Every interaction with AgentCore Memory requires an actorId parameter. This identifier represents the end user or entity whose memory is being accessed. According to AWS documentation, the actor “refers to entities such as end users or agent/user combinations.” (AWS Docs: Memory organization)

Best practices for actorId:

  • Use Cognito sub claim: cognito-user-a1b2c3d4-e5f6-7g8h-9i0j-k1l2m3n4o5p6
  • Use internal user ID: employee-12345
  • NEVER use PII directly: ❌ [email protected] (enumerable, privacy risk)
  • Ensure uniqueness: Use UUIDs or globally unique identifiers

How User Isolation Works in Practice

When you create a short-term memory event, you specify both actorId and sessionId:

python
import boto3

client = boto3.client('bedrock-agentcore', region_name='us-east-1')

# User A creates an event
client.create_event(
    memoryId='memory-abc123',
    actorId='employee-alice',  # Alice's unique ID
    sessionId='session-2026-02-28-001',
    event={
        'type': 'message',
        'content': 'I need to request vacation leave for next month.',
        'timestamp': '2026-02-28T10:00:00Z'
    }
)

When you retrieve long-term memory records, the namespace parameter enforces isolation. The namespace MUST include the actorId to retrieve that user’s data:

python
# User A retrieves their own memory
response = client.retrieve_memory_records(
    memoryId='memory-abc123',
    namespace='/app/hr-agent/actor/employee-alice/',  # Alice's namespace
    searchCriteria={
        'searchQuery': 'vacation leave preferences',
        'topK': 10
    },
    maxResults=10
)

# Returns only Alice's memory records
print(f"Found {len(response['memoryRecordSummaries'])} records for Alice")

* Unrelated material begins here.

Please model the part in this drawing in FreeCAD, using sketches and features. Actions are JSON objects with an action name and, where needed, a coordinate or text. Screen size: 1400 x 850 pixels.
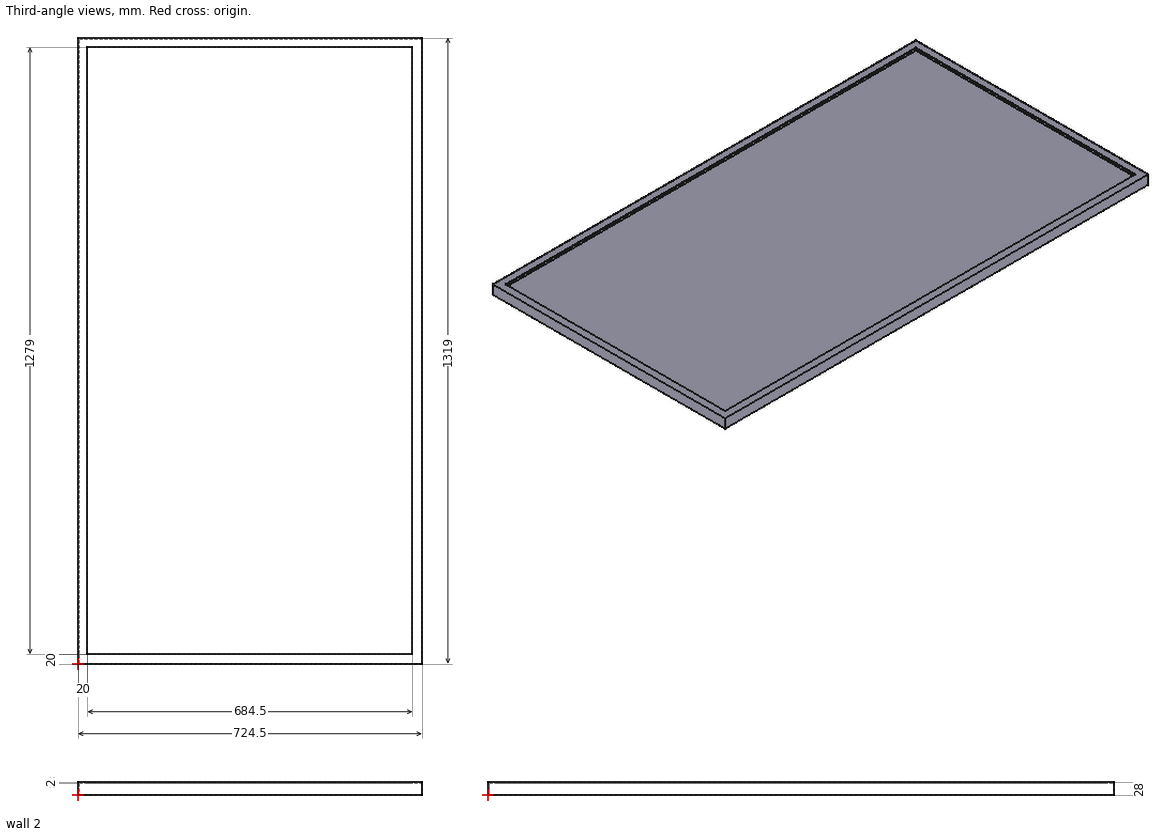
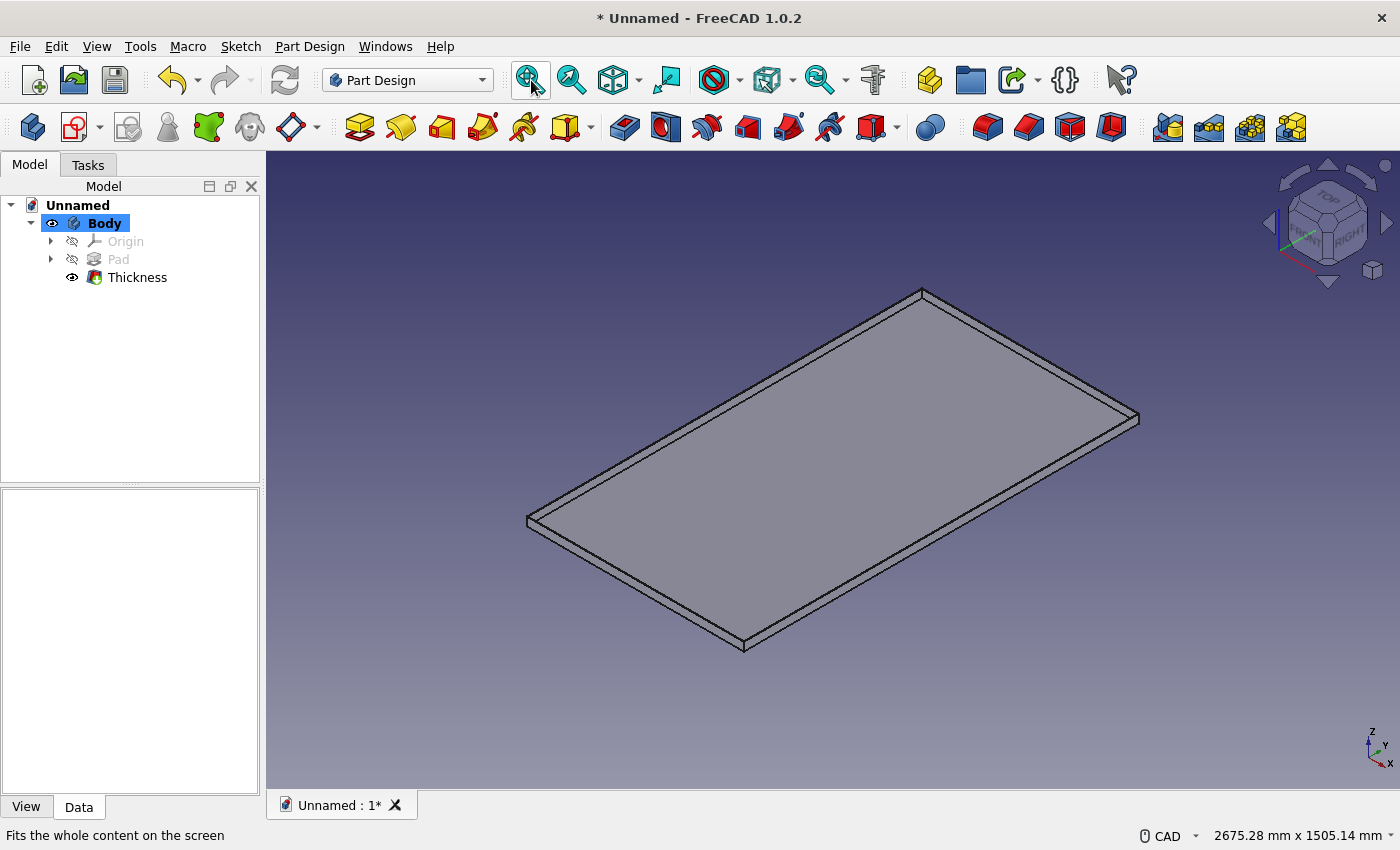
{"action": "scroll", "coordinate": [1066, 371], "scroll_direction": "up", "scroll_amount": 15}

Proof of Isolation: User A Cannot Access User B’s Data

Here’s a complete demonstration showing that user isolation works:

python
"""
Demonstrates user-level memory isolation
User A cannot access User B's memory, even within the same agent app
"""

import boto3

client = boto3.client('bedrock-agentcore', region_name='us-east-1')
MEMORY_ID = 'memory-abc123xyz'

# Setup: Create events for two different users
print("Step 1: Creating events for User A and User B")
client.create_event(
    memoryId=MEMORY_ID,
    actorId='employee-alice',
    sessionId='session-alice-001',
    event={
        'type': 'message',
        'content': 'I need to request vacation leave for next month.',
        'timestamp': '2026-02-28T10:00:00Z'
    }
)
client.create_event(
    memoryId=MEMORY_ID,
    actorId='employee-bob',
    sessionId='session-bob-001',
    event={
        'type': 'message',
        'content': 'I need help with my disability accommodation request.',
        'timestamp': '2026-02-28T10:00:00Z'
    }
)

# Test: User A retrieves their own memory
print("\nStep 2: Alice retrieves her own memory")
alice_records = client.retrieve_memory_records(
    memoryId=MEMORY_ID,
    namespace='/app/hr-agent/actor/employee-alice/',
    searchCriteria={'searchQuery': 'vacation leave', 'topK': 10},
    maxResults=10
)
print(f"Alice's records: {len(alice_records.get('memoryRecordSummaries', []))} found")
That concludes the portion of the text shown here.